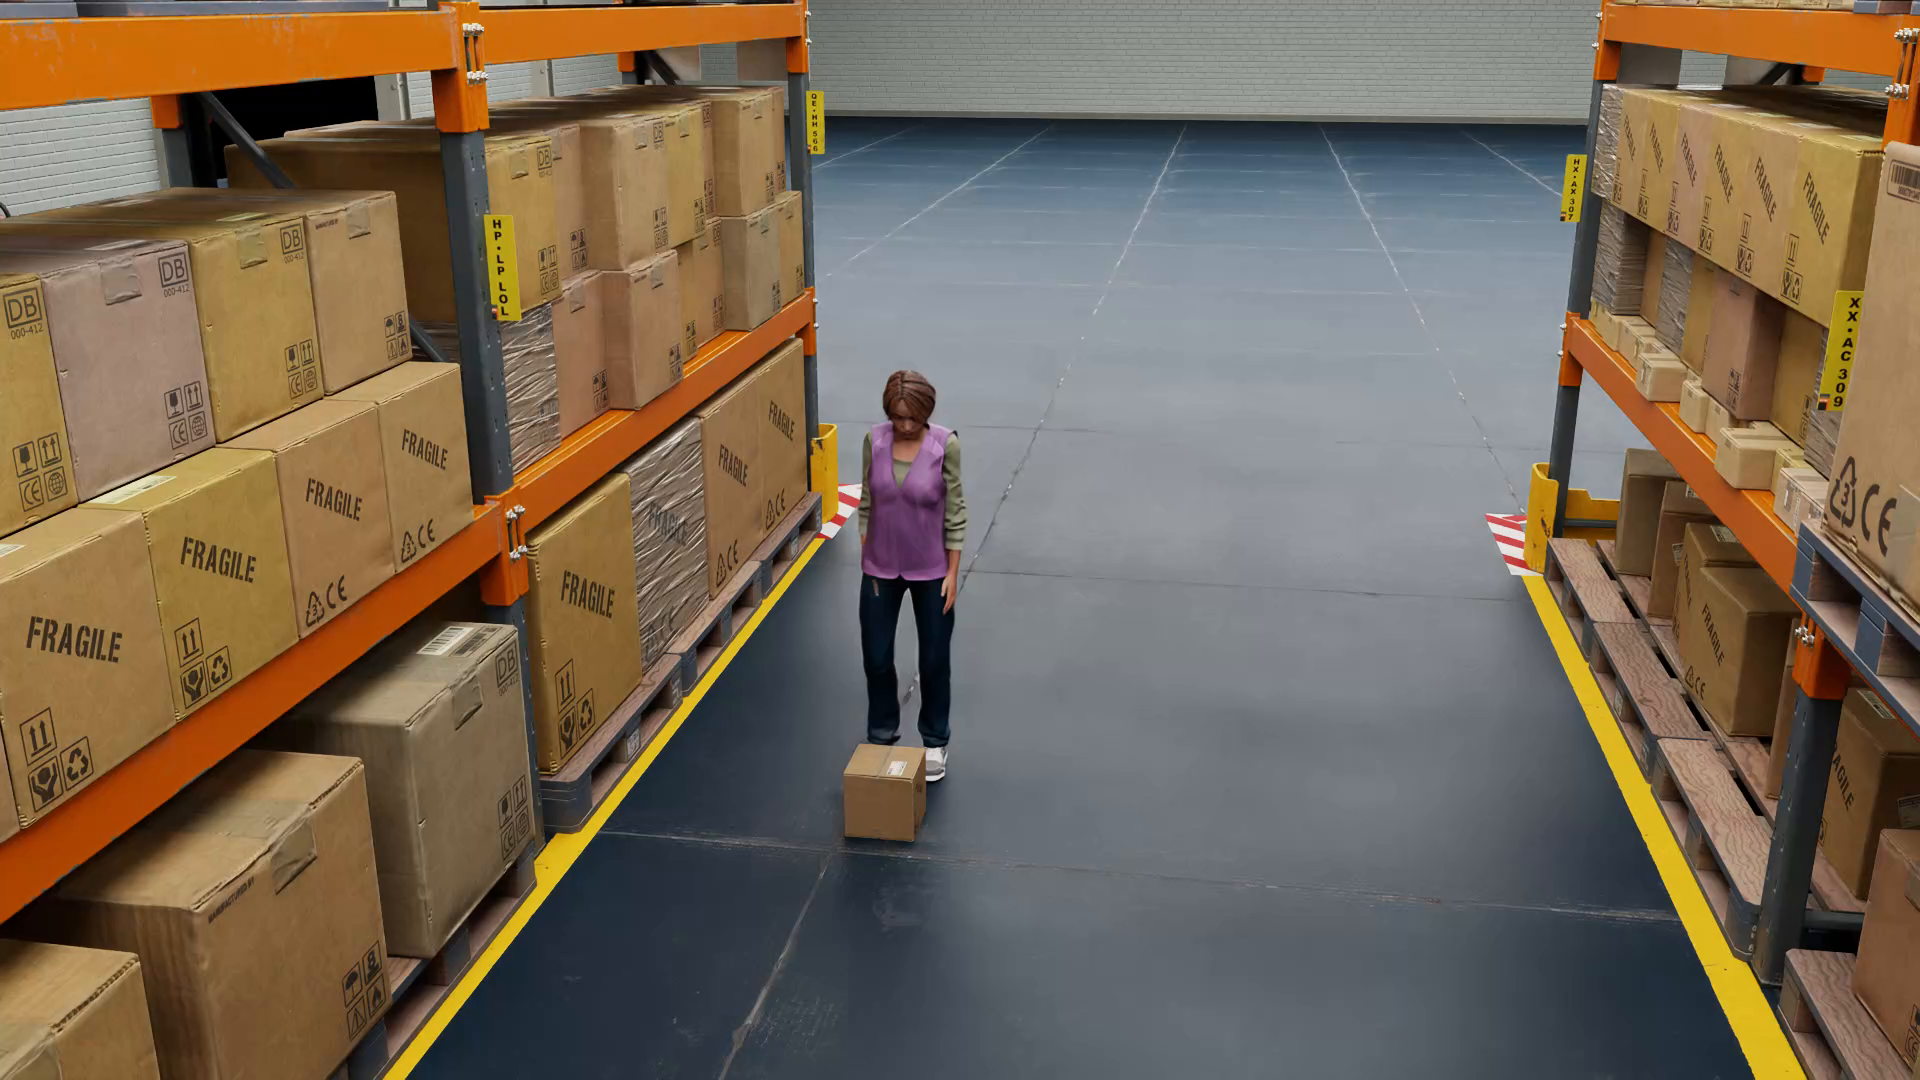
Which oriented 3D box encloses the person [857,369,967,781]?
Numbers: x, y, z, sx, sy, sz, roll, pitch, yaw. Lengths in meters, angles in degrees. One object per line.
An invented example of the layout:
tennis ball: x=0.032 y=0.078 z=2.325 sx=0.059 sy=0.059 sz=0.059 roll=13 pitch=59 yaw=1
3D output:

==

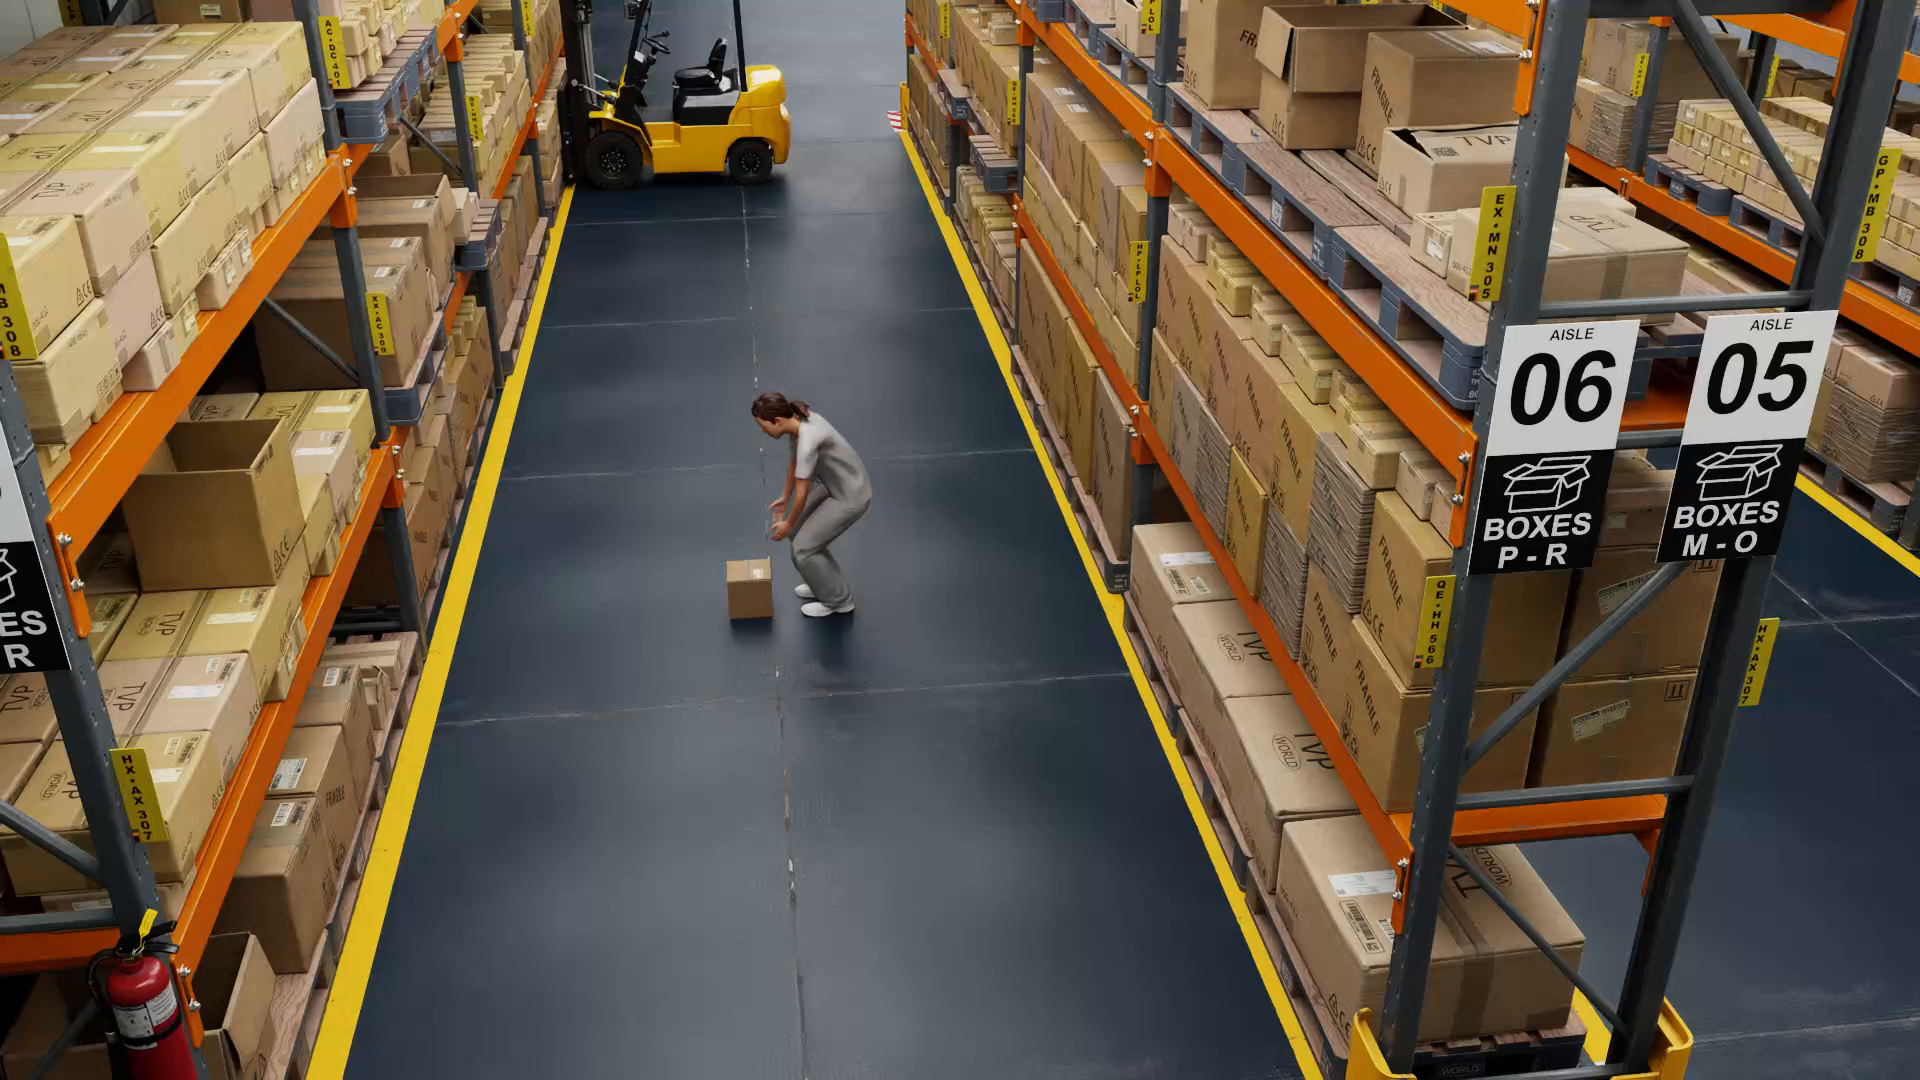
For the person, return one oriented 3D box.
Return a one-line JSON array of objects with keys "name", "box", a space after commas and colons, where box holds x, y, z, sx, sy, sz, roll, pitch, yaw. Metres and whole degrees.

WORK INSTRUCTIONS:
Search the material for the string "pitch" and show every line that has it.

OUTPUT BELOW:
Numbers: x, y, z, sx, sy, sz, roll, pitch, yaw. Lengths in meters, angles in degrees. One object per line.
tennis ball: x=0.032 y=0.078 z=2.325 sx=0.059 sy=0.059 sz=0.059 roll=13 pitch=59 yaw=1
Return a one-line JSON array of objects with keys "name", "box", a space after commas and colons, where box holds x, y, z, sx, sy, sz, roll, pitch, yaw. Metres and whole degrees.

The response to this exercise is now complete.